▶ Problem requirements
What lines in the listing below hold the string "frame"? Please copy them out.
━━━ Available records
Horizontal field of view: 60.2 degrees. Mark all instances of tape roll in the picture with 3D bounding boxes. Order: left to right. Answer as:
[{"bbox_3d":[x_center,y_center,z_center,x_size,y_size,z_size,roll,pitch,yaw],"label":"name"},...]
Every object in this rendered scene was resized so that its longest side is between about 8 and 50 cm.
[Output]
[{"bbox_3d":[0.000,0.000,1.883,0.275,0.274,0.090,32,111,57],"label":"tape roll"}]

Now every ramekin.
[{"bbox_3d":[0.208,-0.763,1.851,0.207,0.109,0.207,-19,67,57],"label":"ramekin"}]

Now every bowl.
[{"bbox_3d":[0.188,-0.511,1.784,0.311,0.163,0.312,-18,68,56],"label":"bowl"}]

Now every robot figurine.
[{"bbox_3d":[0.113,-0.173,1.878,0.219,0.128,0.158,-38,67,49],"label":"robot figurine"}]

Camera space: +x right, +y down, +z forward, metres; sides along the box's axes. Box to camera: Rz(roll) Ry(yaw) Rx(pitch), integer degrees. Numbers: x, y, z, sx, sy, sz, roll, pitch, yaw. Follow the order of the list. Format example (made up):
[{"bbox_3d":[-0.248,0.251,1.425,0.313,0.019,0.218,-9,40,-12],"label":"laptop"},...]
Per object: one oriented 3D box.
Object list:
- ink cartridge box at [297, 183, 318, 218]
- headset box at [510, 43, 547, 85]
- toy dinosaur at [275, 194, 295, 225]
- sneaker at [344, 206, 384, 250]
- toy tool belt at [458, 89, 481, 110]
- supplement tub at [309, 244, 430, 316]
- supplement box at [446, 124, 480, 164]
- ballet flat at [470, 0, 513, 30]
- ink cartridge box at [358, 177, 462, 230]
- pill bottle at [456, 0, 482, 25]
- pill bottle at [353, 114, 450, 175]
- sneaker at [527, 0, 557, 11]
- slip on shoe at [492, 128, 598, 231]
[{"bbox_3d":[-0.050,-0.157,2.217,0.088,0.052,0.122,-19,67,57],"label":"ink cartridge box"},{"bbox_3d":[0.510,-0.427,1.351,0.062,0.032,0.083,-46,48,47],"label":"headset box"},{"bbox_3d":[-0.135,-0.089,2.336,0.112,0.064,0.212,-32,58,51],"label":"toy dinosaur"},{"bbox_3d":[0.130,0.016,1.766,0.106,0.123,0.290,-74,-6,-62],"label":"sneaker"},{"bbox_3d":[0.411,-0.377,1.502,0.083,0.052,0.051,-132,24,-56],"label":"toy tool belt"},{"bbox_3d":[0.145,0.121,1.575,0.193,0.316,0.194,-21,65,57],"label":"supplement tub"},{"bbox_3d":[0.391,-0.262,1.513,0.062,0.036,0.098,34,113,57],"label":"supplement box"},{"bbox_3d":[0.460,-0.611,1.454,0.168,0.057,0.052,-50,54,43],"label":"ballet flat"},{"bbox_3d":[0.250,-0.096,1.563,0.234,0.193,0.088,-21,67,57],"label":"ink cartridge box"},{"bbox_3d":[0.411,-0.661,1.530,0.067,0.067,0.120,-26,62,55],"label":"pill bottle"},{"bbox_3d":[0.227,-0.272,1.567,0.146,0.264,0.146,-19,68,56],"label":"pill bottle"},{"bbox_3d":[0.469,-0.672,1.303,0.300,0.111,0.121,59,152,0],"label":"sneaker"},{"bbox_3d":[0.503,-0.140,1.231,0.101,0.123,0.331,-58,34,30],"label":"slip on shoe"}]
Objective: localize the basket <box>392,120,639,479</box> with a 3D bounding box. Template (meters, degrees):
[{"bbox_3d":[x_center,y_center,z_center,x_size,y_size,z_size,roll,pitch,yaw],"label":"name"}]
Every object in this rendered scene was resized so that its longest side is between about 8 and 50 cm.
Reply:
━━━━━━
━━━ Available records
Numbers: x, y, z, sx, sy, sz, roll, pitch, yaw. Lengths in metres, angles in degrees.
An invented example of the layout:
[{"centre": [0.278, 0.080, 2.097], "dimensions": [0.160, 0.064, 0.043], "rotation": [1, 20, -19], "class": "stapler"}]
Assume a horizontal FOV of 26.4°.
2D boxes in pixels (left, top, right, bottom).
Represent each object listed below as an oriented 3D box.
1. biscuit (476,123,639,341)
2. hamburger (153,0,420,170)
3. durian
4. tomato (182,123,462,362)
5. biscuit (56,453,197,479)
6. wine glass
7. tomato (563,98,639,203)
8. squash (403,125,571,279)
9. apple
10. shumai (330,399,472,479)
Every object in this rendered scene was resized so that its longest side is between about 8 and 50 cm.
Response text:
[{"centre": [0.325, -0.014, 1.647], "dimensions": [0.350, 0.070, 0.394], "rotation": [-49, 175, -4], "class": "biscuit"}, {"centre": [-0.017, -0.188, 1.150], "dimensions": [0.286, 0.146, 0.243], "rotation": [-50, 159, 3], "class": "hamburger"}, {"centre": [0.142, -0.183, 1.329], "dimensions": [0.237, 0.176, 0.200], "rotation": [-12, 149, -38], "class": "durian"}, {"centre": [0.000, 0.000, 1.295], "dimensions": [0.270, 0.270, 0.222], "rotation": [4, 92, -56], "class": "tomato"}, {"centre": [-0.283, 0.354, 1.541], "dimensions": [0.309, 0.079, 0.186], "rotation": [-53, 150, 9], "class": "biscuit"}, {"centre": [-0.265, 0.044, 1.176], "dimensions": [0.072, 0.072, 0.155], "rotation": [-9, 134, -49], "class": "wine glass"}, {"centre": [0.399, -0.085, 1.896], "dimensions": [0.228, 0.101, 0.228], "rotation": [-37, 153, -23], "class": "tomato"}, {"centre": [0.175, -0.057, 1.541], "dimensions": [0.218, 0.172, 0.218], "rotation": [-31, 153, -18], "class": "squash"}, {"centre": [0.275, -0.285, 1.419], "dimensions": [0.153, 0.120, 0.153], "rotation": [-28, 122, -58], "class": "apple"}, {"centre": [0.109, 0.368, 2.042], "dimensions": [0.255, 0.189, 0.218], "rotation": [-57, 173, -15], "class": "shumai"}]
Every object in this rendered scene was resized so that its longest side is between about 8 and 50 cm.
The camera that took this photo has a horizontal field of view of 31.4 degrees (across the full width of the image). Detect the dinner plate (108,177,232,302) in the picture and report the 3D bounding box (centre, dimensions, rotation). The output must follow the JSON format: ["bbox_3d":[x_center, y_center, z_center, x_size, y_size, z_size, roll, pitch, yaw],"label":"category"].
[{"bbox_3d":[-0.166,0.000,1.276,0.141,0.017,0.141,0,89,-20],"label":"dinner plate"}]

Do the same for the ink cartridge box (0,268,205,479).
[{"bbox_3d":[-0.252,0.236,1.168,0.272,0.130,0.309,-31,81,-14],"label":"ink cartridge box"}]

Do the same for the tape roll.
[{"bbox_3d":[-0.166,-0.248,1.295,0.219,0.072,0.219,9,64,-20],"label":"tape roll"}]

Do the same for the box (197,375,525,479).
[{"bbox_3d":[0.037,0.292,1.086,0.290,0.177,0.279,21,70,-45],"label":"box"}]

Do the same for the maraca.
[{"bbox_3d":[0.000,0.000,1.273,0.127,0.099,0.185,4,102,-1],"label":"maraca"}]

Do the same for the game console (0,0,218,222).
━━━━━━
━━━ Available records
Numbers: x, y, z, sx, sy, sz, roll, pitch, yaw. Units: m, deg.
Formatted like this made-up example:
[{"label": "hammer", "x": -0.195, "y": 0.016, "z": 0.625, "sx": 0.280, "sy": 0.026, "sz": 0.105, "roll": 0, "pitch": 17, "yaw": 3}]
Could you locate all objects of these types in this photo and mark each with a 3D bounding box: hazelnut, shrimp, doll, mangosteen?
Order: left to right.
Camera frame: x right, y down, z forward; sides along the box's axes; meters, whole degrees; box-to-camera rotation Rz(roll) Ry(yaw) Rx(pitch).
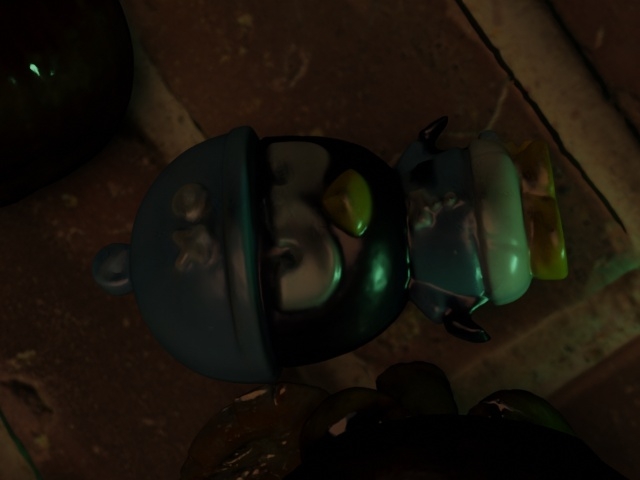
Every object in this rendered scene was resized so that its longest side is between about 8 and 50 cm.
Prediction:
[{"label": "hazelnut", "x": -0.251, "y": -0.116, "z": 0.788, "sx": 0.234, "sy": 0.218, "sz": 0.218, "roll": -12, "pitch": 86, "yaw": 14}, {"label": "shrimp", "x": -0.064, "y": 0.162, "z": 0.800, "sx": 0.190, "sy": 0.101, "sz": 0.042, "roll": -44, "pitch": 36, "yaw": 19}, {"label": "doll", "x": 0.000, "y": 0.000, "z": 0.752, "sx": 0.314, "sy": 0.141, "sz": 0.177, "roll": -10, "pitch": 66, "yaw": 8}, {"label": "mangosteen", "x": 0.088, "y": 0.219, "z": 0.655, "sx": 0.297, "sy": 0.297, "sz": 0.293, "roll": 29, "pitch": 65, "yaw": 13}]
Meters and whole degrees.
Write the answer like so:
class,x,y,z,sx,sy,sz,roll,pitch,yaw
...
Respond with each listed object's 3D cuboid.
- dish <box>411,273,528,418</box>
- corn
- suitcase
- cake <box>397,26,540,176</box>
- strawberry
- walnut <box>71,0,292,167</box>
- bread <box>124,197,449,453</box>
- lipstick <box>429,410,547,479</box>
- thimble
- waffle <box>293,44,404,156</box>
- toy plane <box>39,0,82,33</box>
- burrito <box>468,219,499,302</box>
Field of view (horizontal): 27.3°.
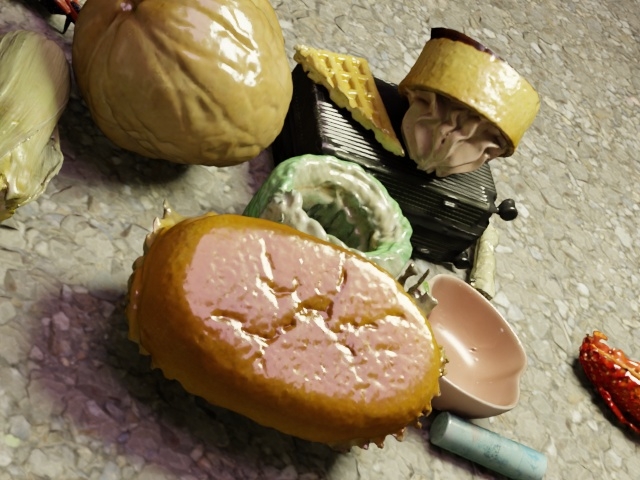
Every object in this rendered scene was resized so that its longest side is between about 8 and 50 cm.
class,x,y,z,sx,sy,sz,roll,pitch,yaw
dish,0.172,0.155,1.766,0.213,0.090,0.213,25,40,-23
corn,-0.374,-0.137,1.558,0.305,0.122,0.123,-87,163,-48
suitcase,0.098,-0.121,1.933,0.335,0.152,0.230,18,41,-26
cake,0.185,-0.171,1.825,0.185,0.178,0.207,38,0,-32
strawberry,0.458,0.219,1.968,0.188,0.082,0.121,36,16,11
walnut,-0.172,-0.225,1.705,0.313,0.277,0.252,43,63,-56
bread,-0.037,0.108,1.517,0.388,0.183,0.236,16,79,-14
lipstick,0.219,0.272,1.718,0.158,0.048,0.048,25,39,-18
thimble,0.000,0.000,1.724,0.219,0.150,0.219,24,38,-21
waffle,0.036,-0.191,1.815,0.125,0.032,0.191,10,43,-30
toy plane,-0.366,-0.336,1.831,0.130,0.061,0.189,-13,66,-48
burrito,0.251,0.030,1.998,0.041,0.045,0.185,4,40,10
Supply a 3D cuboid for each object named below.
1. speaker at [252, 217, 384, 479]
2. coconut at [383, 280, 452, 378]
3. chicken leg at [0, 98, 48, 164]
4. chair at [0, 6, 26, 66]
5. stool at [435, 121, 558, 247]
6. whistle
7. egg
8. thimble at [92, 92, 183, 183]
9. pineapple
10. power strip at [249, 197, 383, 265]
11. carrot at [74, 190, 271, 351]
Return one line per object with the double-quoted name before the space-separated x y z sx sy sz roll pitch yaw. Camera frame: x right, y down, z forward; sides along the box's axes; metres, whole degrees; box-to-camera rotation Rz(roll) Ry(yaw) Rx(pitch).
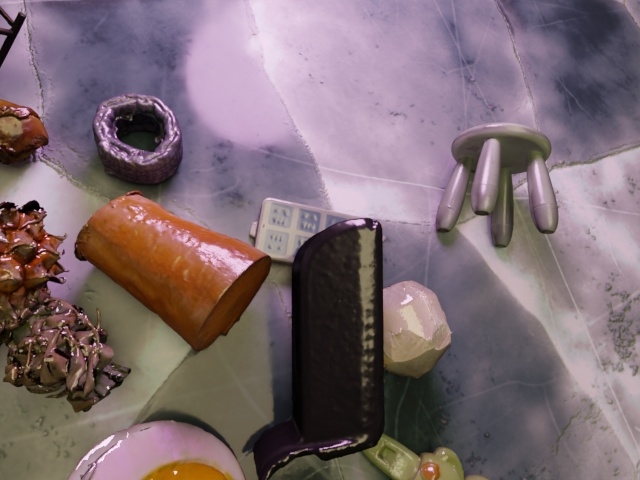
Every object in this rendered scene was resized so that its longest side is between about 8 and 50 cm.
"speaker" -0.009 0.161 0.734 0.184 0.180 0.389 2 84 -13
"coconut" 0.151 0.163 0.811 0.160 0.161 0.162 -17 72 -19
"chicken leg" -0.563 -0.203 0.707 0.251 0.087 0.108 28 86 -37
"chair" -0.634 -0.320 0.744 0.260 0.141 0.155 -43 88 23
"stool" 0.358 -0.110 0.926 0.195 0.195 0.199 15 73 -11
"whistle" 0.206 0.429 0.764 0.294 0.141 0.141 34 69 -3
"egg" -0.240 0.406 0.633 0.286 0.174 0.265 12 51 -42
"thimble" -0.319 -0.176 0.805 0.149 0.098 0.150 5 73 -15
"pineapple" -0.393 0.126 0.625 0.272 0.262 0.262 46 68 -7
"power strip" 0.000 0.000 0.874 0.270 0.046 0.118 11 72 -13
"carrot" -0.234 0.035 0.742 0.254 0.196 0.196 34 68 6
━━━━━━
▶ Task output
Camera frame: x right, y down, z forward; sides along the box's axes; meters, whole degrees; box-to-camera rotation Rz(roll) Ry(yaw) Rx(pitch).
Return one line per object with the double-quoted name before the space-separated x y z sx sy sz roll pitch yaw. Camera frame: x right, y down, z forward; sides along the box's axes; metres, whole degrees; box-to-camera rotation Rz(roll) Ry(yaw) Rx(pitch).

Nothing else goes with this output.